旧訳本を借り出すことに成功して訳者の解説を読んだ。この小説が書かれた背景を新たに知ることができた。
『1984年』は、たしかに“スターリンのソヴィエト”に触発された反(ディス)ユートピアの権力世界である。それはあらゆる人間性の集奪の上に成立する不毛の世界―人間を人間たらしめない権力集中への告発であった。ハーバード・リードがいみじくも指摘したように、ユートピアを装った体制の中にひとつの悪夢を構築することで“1984年”全体を風刺したのである。たとえ真理省は現代を支配する巨大化マスコミ組織、ゴールドスタインの哲学はマルクス主義の歴史観(トロツキーの『裏切られた革命』を模したものといわれるが、オーウェル独得の権力観を展開したエッセイである)、ニュースピークは英語の簡略化をはかるベイシック・イングリッシュ(言語について一家言を持ってきたオーウェルは、文化そのものである言語の簡略化が持つ危険性を警告する)、カブト虫のような党員はいわば党官僚や技術官僚のカリカチャアなのである。もちろん、作品全体が『動物農場』と同じような風刺劇として描かれているわけではなく、それはまた、政治的ユートピアがいかに諷刺の対象となりにくいかを物語るものであろう。(P.420―P.421 旧訳解説からの抜粋)

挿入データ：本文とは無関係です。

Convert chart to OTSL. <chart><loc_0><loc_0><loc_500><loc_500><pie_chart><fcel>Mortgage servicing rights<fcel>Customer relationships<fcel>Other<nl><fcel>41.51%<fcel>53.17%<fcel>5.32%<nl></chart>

さて、旧訳の解説を読み終えて、一応この小説の背景などをおさえたところで、原著に戻り、P. Davisonの【注】を再度読んだ。今度は注意深く。出版の裏側を知り得て興味深かった。この小説の仕掛けの最大のテーマの一つ、数式2+2=5の5が組版段階で脱落していたにもかかわらず、イギリスの出版社もアメリカの出版社もミスしたまま刊行してしまった事実、また、英語版と米語版では語法に違いも。しかし、何よりアルゼンチンでのスペイン語版での当局の削除要請は、1949年(昭和24年)当時といえ、あまりにも衝撃的である。該当の削除頁を当たってみると、当局にとっては表現が道徳上いかがわしいものと映ったのだろうか。【注】者も次のように鋭く指摘している。「我々の時代の強力な権力を持つ動きに直に抗う目的の小説の基本的な理念を損ねてしまう」。この小説の読み方の一つは、過激な仕掛けがあればこそさらに想像力を膨らませて、一つひとつ繙いていく過程の中に気づきを(たとえ絶望の淵を歩かされても)、ごく普通の営みの中に優しさを見出すことなのかも知れない。ジョージ・オーウェルは書いている。政治的なものと芸術的なものの融合が最後のこの小説に課したテーマだと。

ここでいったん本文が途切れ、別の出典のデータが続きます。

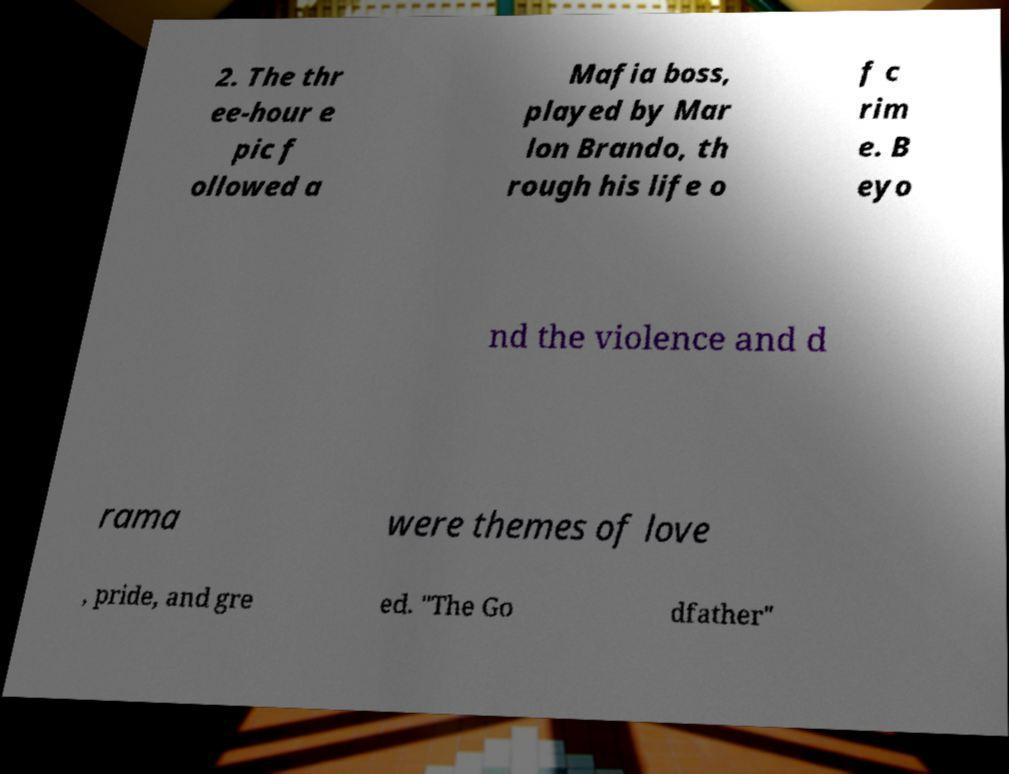Could you assist in decoding the text presented in this image and type it out clearly? 2. The thr ee-hour e pic f ollowed a Mafia boss, played by Mar lon Brando, th rough his life o f c rim e. B eyo nd the violence and d rama were themes of love , pride, and gre ed. "The Go dfather"

旧訳解説の最後に訳者も書いている。「『1984年』はわれわれにとっても重大である。なぜならそこには人間の尊厳をおびやかす実体が普遍的な問題として予言されているからであり、未来のはらむ危機と現代の政治的な荒廃とか、権力の構造ないし論理をぬきにしてはまったく考えられないからである」

追記 水道橋駅付近の通りで社民党の元党首福島瑞穂議員に偶然遭遇。背が低いが愛想は良く身近なところで手を振ってくれた。気さくぅ。(2018.6.4 記)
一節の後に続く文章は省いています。